Renaming that file to a simpler basename should resolve this issue for you. However, I'm not closing this ticket just yet because I'm not sure if the root cause is within this plugin's template or within Jekyll itself..

kunalnagar commented 5 years ago

@ashmaroli I did a quick test - cloned the repo on a mac and it works without any issues. Not sure that the issue is on Windows. Here are the versions on my mac:

kunalnagar commented 5 years ago

@ashmaroli quick update - looks like the resume name was the culprit on Windows. So here's where we're at: the original name with spaces and accent characters works fine on mac but not Windows, and if I rename the file to plain English with underscores instead of spaces, it works fine everywhere.

I'm curious to know why that is - if you have any insight on this, please let me know.

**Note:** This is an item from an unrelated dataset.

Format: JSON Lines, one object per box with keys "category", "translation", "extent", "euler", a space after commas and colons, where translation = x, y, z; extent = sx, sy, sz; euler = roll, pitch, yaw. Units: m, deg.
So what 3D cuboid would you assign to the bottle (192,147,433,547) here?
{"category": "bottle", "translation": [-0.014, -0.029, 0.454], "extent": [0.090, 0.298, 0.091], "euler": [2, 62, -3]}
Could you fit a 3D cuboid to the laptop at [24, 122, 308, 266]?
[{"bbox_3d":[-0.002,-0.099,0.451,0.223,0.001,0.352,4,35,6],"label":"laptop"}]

Thanks for all your help!

ashmaroli commented 5 years ago

I'm curious to know why that is

I'm not entirely sure. But the reason could be that Résumé encoded as #<Encoding:Windows-1252> on Windows gets converted into R\xE9sum\xE9 when the string is forced to #<Encoding:UTF-8>

kunalnagar commented 5 years ago

@ashmaroli interesting. So would you like to keep this issue open for further investigation?

ashmaroli commented 5 years ago

would you like to keep this issue open..?

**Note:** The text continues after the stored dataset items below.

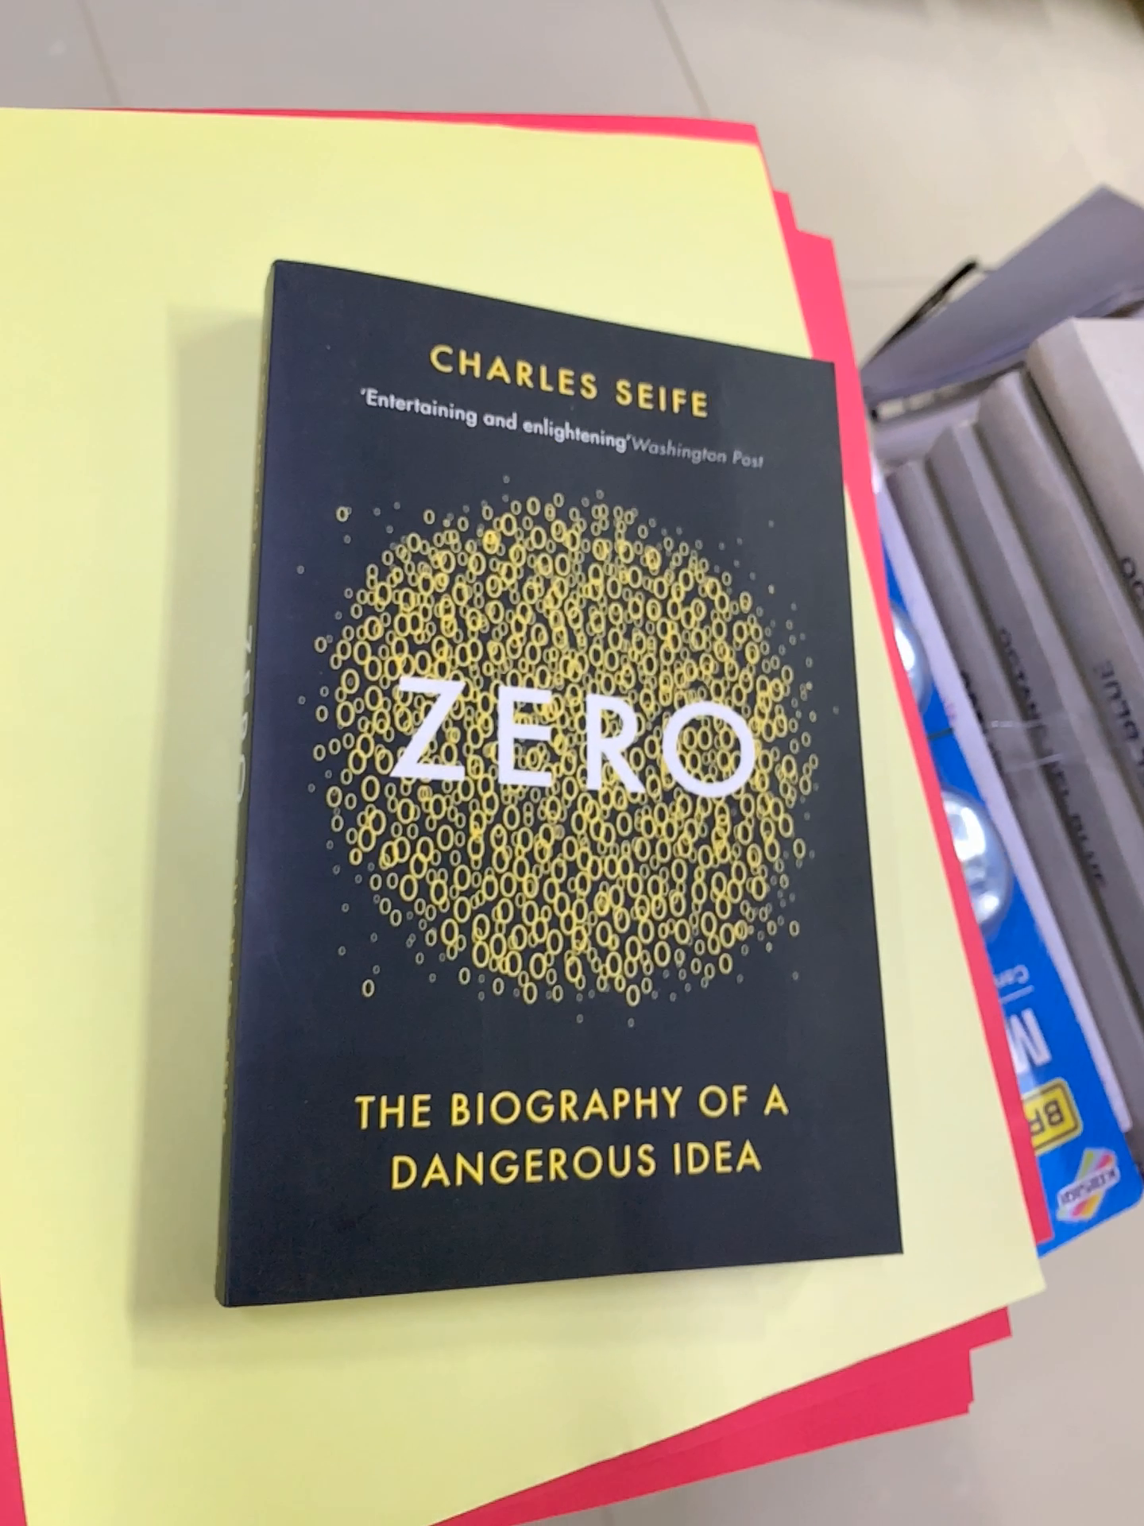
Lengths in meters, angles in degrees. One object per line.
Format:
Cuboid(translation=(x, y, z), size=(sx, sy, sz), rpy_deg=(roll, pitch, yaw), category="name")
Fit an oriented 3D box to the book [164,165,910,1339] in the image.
Cuboid(translation=(-0.006, -0.004, 0.240), size=(0.130, 0.040, 0.200), rpy_deg=(4, 77, -19), category="book")
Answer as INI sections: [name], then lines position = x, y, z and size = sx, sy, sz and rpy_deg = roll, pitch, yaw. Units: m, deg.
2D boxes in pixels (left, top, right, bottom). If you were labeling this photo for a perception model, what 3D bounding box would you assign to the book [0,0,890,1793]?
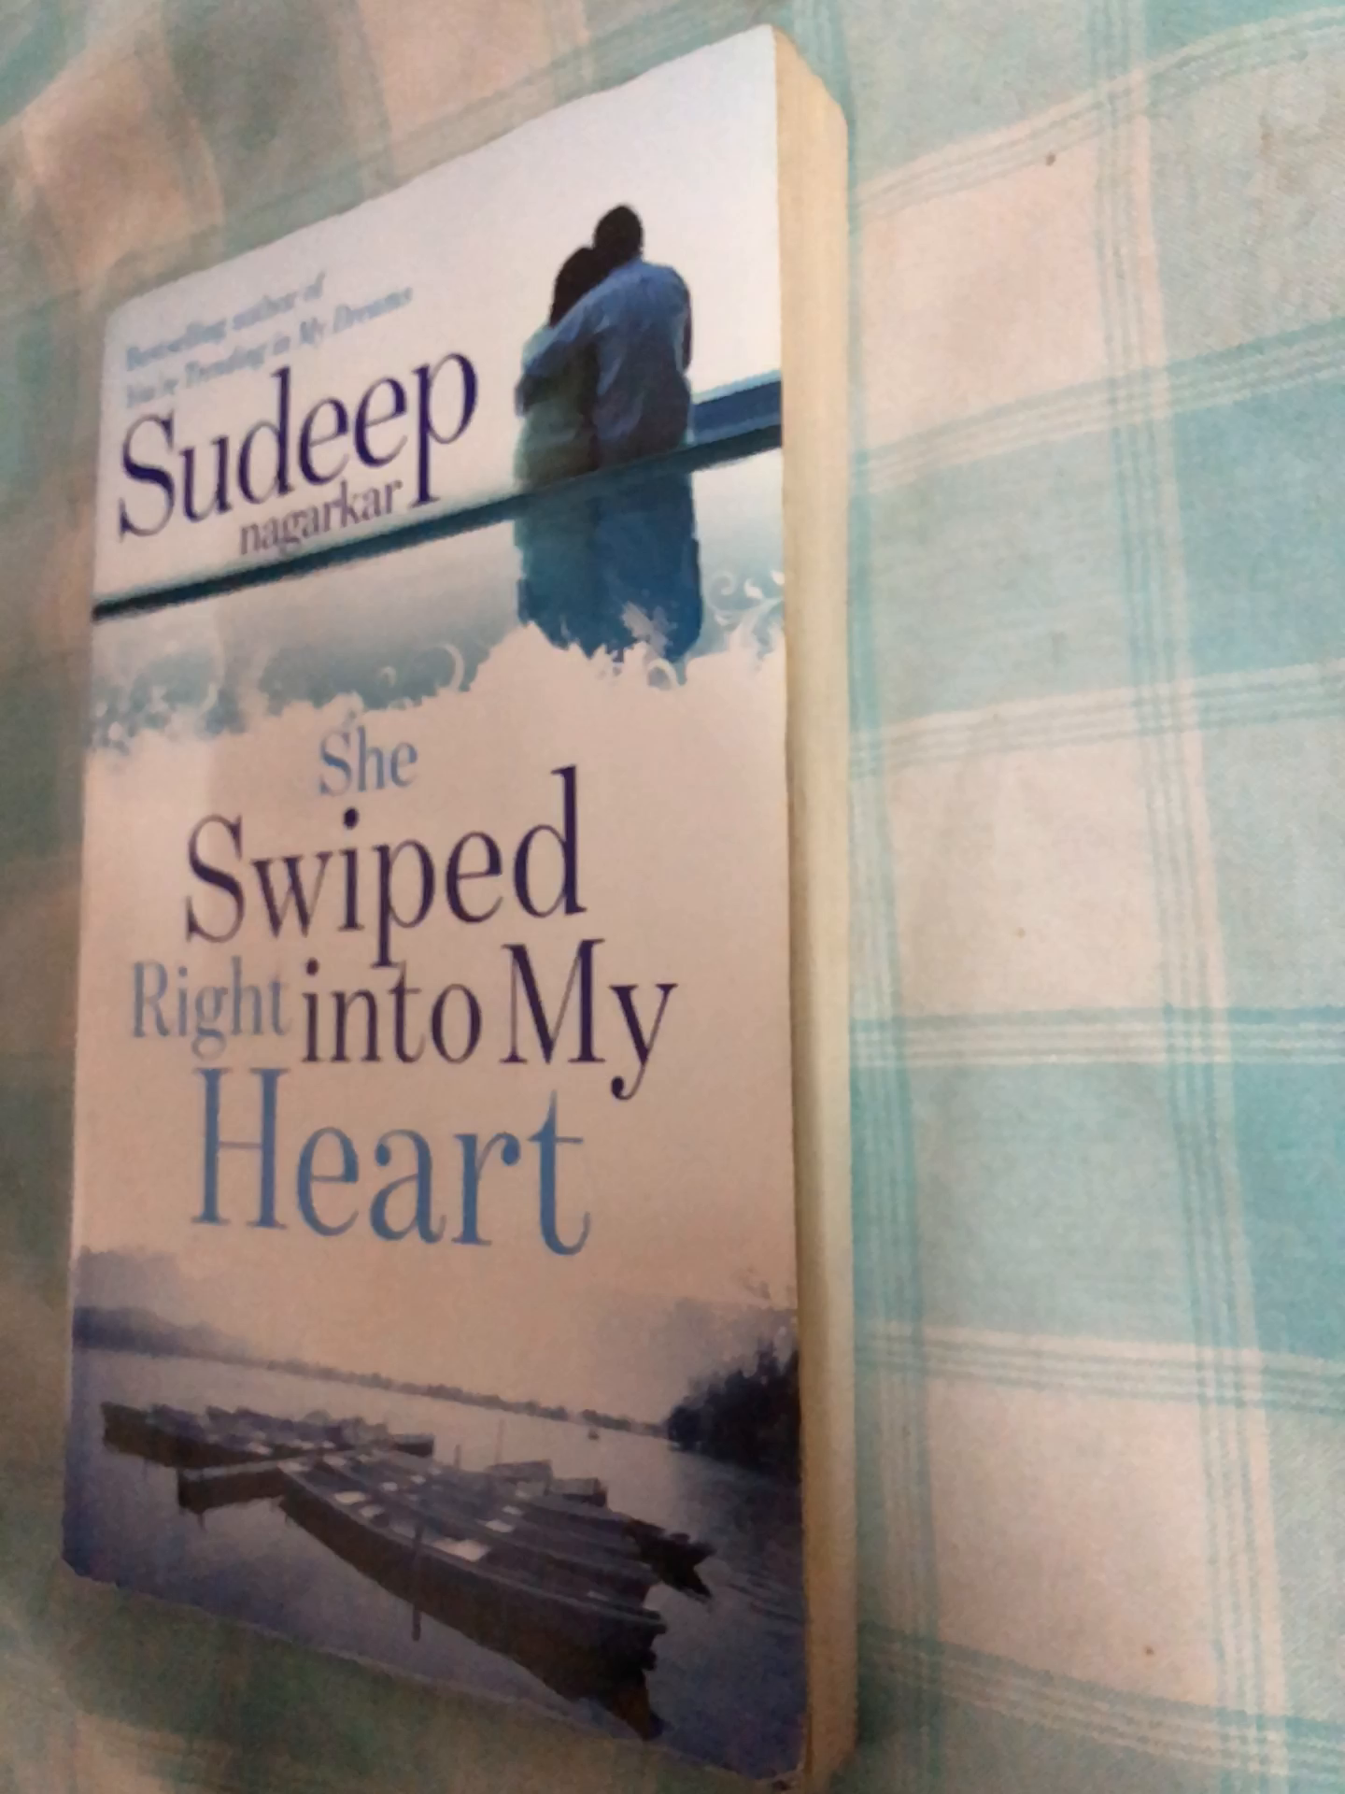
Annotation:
[book]
position = -0.038, -0.006, 0.209
size = 0.130, 0.030, 0.210
rpy_deg = -3, 85, 34

Yes, for inputs from the maintainers here.. /cc @jekyll/plugin-core

jekyllbot commented 5 years ago

This issue has been automatically marked as stale because it has not been commented on for at least two months.

The resources of the Jekyll team are limited, and so we are asking for your help.

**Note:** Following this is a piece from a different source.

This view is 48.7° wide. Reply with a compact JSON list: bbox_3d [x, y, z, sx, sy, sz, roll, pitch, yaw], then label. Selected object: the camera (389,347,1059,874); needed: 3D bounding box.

If this is a bug and you can still reproduce this error on the master branch, please reply with all of the information you have about it in order to keep the issue open.

If this is a feature request, please consider whether it can be accomplished in another way. If it cannot, please elaborate on why it is core to this project and why you feel more than 80% of users would find this beneficial.

This issue will automatically be closed in two months if no further activity occurs. Thank you for all your contributions.